To guarantee a substantial crop yield, the timely and efficient recognition of plant diseases plays a crucial role, and therefore looking for a useful, simple, and fast tool to automatically recognize various plant diseases has a great need and important realistic significance. In this study, a novel convolutional ensemble learning method is proposed to recognize plant disease types. Using a two-level stacking strategy, the three lightweight networks including SE-MobileNet, Mobile-DANet, and MobileNet V2 were employed as the backbone extractor to generate a new convolutional ensemble network, namely Es-MbNet, in which three logistic regressions were designed as the base-classifiers and the Softmax were explored as the meta-classifiers. Further, the transfer learning and two-stage training strategy were adopted in model training, and the first phase only trained the weights on the newly extended layers from scratch while freezing the parameters of the bottom convolutional layers, thereby initializing the network weights. The second phase re-trained the network using the target dataset by injecting the weights trained in the first phases, and thus the optimum weight parameters are gained for the ensemble convolutional network. Experimental findings reveal the proposed method with solid efficacy for plant disease recognition on both the open-source and local datasets.

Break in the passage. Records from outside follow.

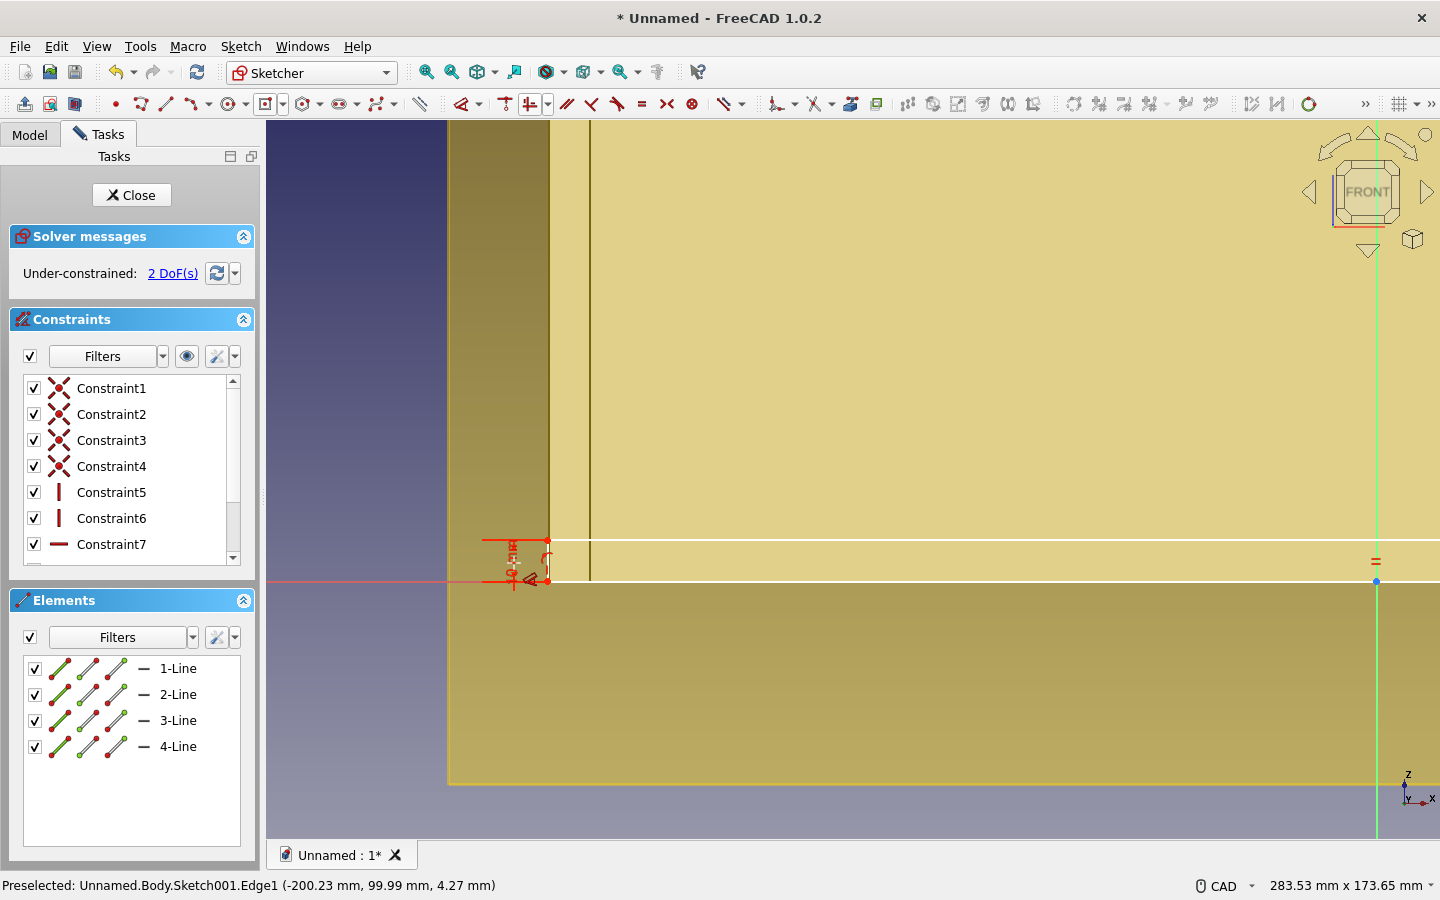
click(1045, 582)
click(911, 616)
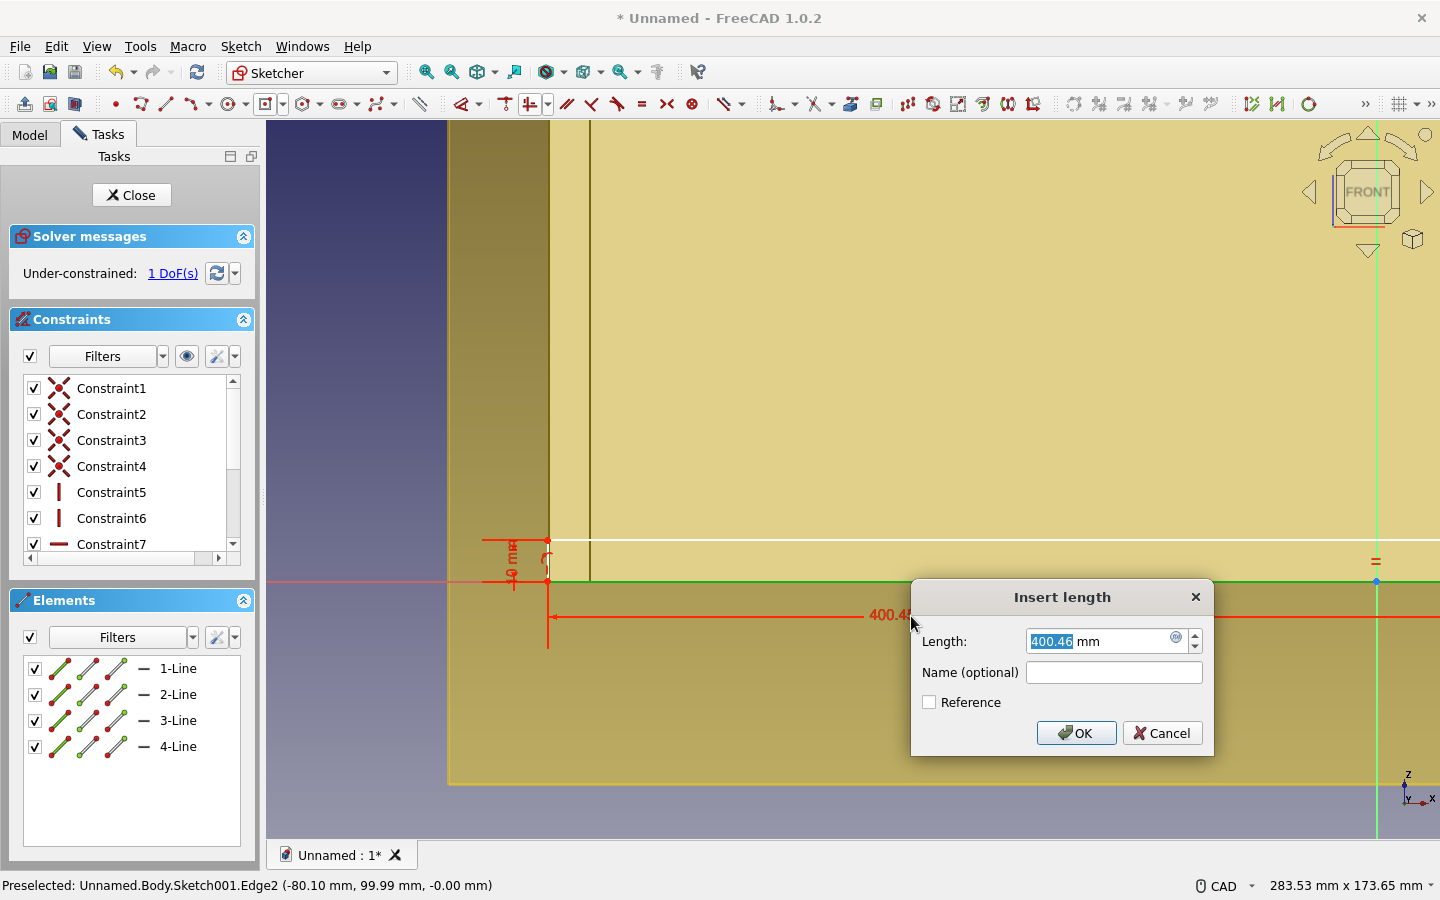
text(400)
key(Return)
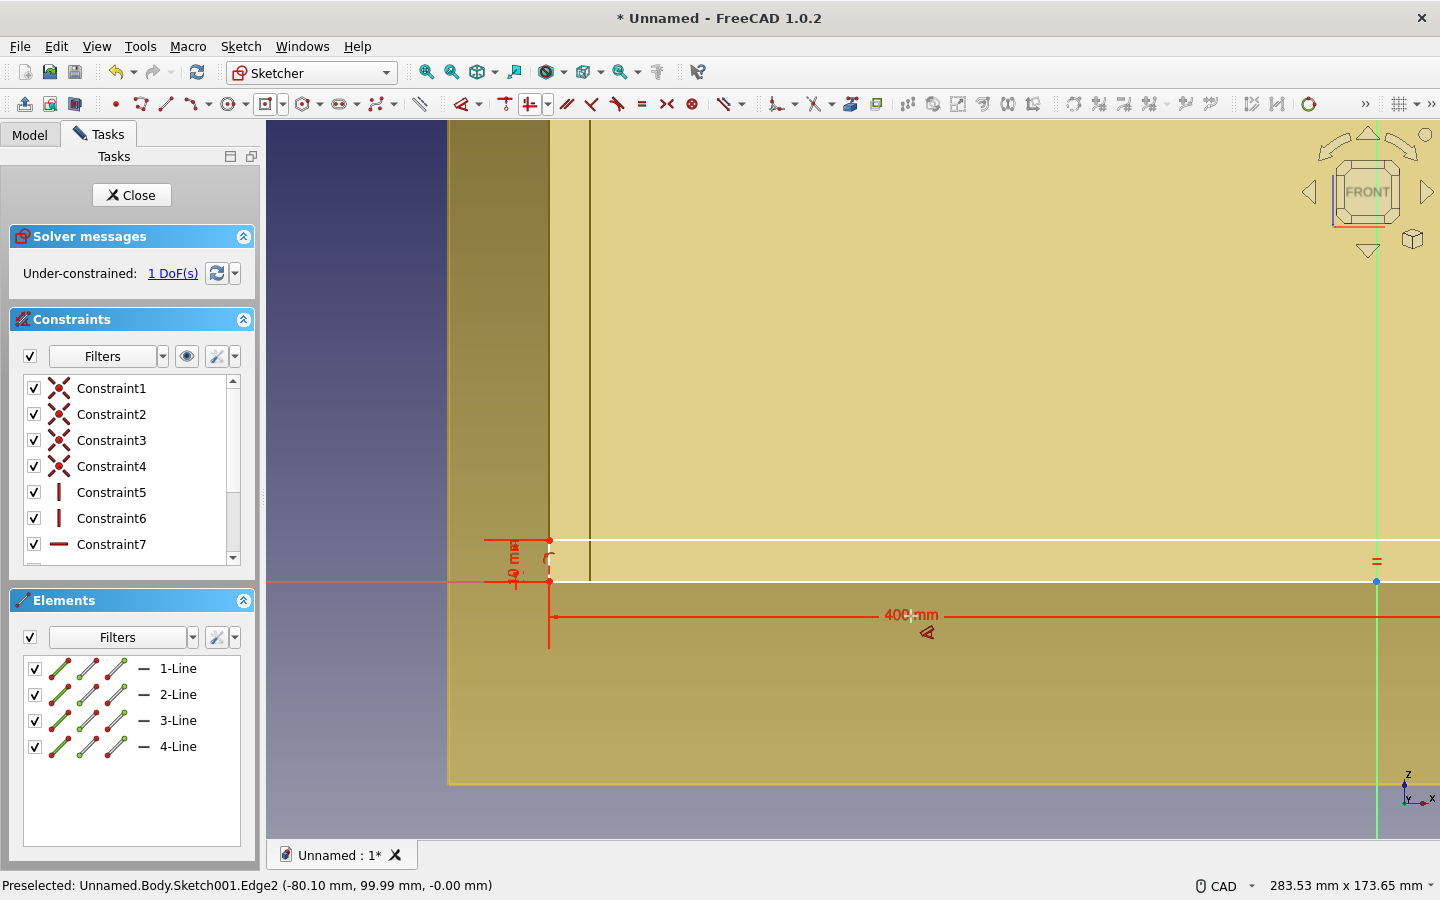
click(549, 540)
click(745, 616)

Though competitive performance has been achieved by the proposed method, individual misidentifications still exist in samples with extremely complicated background conditions. In the future, we will collect a wider range of plant disease images under practical on-field wild scenarios to automatically recognize the broad range of plant disease images. Additionally, we want to extend the method to other related fields, such as online fault inspection, computer-aided evaluation, and so on.